The Arab Bank for Economic Development in Africa (BADEA) is set to significantly boost its annual financing to reach $2.5 billion by the end of 2024, according to Director-General Dr. Sidi Ould Tah. This marks a steady rise from $2 billion in 2022 and $2.23 billion in 2023.
“We’ve seen a consistent increase in our financing capacity,” Dr. Ould Tah said in a statement to Emirates News Agency (WAM). He highlighted BADEA’s commitment to sustainable development, revealing that 30% of the bank’s financing over the past decade has been directed towards such projects across Africa. Notably, BADEA supports 44 African nations that are not members of the Arab League.
Dr. Ould Tah challenged the perception of high-risk associated with African investments. “There’s an overestimation of risk in Africa,” he stated, “which has led to inflated interest rates on financing for the continent.” This applies to both traditional bank loans and bond issuances.
However, Dr. Ould Tah pointed to a recent positive trend. “We’ve noticed that African countries unable to issue bonds in the past two years have successfully returned to the market in 2024,” he said. Countries like Ivory Coast and Benin secured bonds at reasonable rates, defying predictions of double-digit interest. This paves the way for a broader return of African nations to the global financial market in the coming months.
While BADEA boasts strong liquidity, it recently issued social bonds worth €500 million specifically for the African social sector, particularly focusing on countries using the CFA franc. The initiative received overwhelming market response, exceeding the target amount by threefold.
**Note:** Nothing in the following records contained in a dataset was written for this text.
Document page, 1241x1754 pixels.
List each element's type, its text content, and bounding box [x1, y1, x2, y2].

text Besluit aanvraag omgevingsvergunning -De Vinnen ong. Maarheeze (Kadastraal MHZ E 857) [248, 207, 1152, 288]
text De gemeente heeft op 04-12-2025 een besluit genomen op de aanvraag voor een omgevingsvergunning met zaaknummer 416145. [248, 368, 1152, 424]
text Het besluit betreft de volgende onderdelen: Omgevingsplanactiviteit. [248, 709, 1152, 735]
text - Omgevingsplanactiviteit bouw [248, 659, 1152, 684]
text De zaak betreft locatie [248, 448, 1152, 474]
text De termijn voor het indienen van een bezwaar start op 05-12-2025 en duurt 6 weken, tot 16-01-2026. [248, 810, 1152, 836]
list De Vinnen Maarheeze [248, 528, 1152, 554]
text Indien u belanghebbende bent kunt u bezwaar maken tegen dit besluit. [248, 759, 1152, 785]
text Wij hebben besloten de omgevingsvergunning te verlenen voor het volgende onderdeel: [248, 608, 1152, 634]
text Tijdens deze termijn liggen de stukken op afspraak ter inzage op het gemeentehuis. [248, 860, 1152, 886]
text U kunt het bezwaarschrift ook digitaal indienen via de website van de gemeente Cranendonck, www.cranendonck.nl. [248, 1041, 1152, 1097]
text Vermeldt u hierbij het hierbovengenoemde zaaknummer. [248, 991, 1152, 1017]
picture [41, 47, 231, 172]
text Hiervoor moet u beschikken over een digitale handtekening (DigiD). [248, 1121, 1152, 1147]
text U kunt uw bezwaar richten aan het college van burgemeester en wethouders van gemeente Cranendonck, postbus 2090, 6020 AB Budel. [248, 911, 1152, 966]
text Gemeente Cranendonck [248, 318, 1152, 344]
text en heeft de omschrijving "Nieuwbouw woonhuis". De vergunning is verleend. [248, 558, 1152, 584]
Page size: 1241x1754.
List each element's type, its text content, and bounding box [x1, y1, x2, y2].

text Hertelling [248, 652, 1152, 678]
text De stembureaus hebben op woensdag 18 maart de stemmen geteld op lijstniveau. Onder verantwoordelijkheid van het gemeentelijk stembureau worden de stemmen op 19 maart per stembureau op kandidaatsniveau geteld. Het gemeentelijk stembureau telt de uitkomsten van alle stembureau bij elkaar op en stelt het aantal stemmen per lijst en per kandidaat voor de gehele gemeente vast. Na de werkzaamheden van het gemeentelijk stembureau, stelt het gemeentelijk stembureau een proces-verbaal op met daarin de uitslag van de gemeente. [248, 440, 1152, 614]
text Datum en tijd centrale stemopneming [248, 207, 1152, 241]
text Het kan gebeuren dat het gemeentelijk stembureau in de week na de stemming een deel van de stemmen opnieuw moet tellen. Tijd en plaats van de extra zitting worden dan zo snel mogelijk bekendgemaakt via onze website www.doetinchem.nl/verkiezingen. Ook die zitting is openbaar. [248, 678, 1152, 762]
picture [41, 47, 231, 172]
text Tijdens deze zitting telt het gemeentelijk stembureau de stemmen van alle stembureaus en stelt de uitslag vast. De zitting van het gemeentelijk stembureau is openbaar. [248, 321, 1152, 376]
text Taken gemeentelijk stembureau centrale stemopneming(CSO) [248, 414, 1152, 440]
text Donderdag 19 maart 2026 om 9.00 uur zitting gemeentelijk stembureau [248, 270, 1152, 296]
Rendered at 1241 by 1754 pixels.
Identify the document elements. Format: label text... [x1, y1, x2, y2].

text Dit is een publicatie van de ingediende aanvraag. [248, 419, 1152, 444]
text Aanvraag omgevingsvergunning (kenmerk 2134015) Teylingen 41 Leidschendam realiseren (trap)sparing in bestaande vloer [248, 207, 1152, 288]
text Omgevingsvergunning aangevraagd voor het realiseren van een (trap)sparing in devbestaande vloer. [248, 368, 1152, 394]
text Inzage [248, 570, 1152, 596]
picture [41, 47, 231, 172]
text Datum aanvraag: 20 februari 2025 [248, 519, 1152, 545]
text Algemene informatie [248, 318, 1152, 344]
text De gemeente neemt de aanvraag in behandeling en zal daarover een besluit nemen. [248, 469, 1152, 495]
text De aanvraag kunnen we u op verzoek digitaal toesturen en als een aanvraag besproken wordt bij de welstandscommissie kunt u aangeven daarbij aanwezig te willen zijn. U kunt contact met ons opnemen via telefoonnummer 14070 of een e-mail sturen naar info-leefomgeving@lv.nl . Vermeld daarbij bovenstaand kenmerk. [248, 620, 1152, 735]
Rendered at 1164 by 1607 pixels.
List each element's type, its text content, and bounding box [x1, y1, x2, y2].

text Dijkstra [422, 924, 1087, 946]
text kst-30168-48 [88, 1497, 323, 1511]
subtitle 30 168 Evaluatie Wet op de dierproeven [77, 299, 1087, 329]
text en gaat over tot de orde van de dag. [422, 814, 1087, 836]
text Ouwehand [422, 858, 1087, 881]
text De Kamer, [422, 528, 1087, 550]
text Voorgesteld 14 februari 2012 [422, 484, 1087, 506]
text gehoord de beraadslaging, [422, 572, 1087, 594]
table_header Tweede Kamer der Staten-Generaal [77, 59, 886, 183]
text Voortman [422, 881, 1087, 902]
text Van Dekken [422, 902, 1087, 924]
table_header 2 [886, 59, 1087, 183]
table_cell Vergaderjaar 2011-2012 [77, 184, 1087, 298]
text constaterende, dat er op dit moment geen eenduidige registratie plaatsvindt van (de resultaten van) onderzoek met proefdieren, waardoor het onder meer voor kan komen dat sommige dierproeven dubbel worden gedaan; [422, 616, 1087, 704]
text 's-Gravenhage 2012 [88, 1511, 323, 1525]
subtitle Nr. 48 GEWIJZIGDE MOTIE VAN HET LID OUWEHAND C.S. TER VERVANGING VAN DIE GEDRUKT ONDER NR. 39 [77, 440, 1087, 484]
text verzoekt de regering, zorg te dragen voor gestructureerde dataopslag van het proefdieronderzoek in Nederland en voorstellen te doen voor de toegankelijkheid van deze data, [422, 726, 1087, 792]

Looking ahead, BADEA’s five-year plan (2025-2029) explores diversifying financing mechanisms beyond the bank’s own resources. Dr. Ould Tah hinted at the possibility of issuing sustainable or green bonds in the future, depending on evolving needs.
On the topic of economic growth, Dr. Ould Tah predicts a 4% average growth rate for Africa in 2024. He expects some countries to achieve even higher rates (up to 8%), while others might experience slower growth. Factors contributing to this positive outlook include the completion of development projects, favorable agricultural seasons, and the potential benefits of anticipated global interest rate cuts.
The Director-General also highlighted Africa’s dominance in cocoa production, with three African nations – Ivory Coast, Ghana, and Nigeria – accounting for over 75% of the global market.